The login page checks for a cookie. If it is present, great, otherwise it sets a cookie then redirects to a cookie test page. If the cookie is set, it redirects back to the login page, otherwise it displays an error message. The book recommends that the redirection URL be an absolute path to avoid the webserver ignoring it.

[Nazgul]

Do we actually need to determine this programmatically or would a fixed footnote on the login page stating "requires cookies" be sufficient?

[sjmurdoch]

@Nazgul

For usability reasons, yes I think this should be caught programatically. Otherwise there is an extra message to read for the users who have cookies enabled. For those who do not, a static footnote could be easily missed, whereas a big error message would be clear.

[Nazgul]

First stab at a patch. Please shoot at it.

[tellyworth]

login-test-cookie-r5735.patch takes a simpler server-side approach. Instead of a redirect, a test cookie is sent when the login form is displayed, and checked when the POST is processed.

[nbachiyski]

I like the server-side approach more, but do we need to use as test content the password cookie?
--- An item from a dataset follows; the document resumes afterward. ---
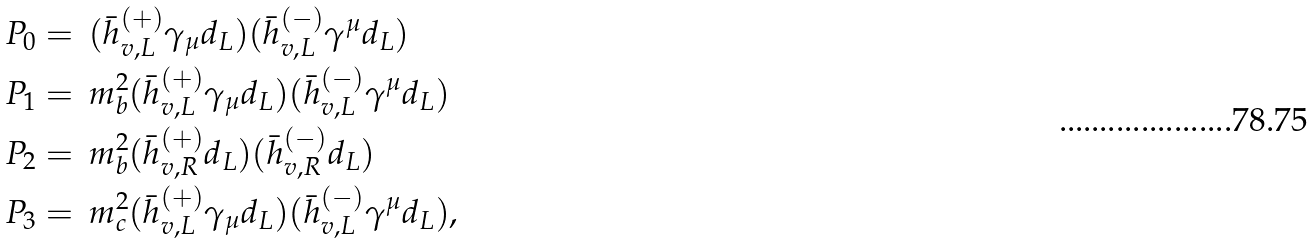Convert formula to latex. <formula><loc_0><loc_0><loc_500><loc_500>P _ { 0 } & = \, ( \bar { h } _ { v , L } ^ { ( + ) } \gamma _ { \mu } d _ { L } ) ( \bar { h } _ { v , L } ^ { ( - ) } \gamma ^ { \mu } d _ { L } ) \\ P _ { 1 } & = \, m _ { b } ^ { 2 } ( \bar { h } _ { v , L } ^ { ( + ) } \gamma _ { \mu } d _ { L } ) ( \bar { h } _ { v , L } ^ { ( - ) } \gamma ^ { \mu } d _ { L } ) \\ P _ { 2 } & = \, m _ { b } ^ { 2 } ( \bar { h } _ { v , R } ^ { ( + ) } d _ { L } ) ( \bar { h } _ { v , R } ^ { ( - ) } d _ { L } ) \\ P _ { 3 } & = \, m _ { c } ^ { 2 } ( \bar { h } _ { v , L } ^ { ( + ) } \gamma _ { \mu } d _ { L } ) ( \bar { h } _ { v , L } ^ { ( - ) } \gamma ^ { \mu } d _ { L } ) ,</formula>

Isn't just a "test" enough?

[westi]

Refreshed patch

[westi]

I have updated the patch to address the concerns.

Test cookie is no-loger the password hash

I have also changed the error message to be more informative.

[westi]

Ok. I've slept on this and I think it should go in.

If people have issues with the error message then raise a new ticket to get it changed ;-)

[westi]

(In [6009]) Inform the user when cookies are disabled and login fails. Fixed #2039 props tellyworth.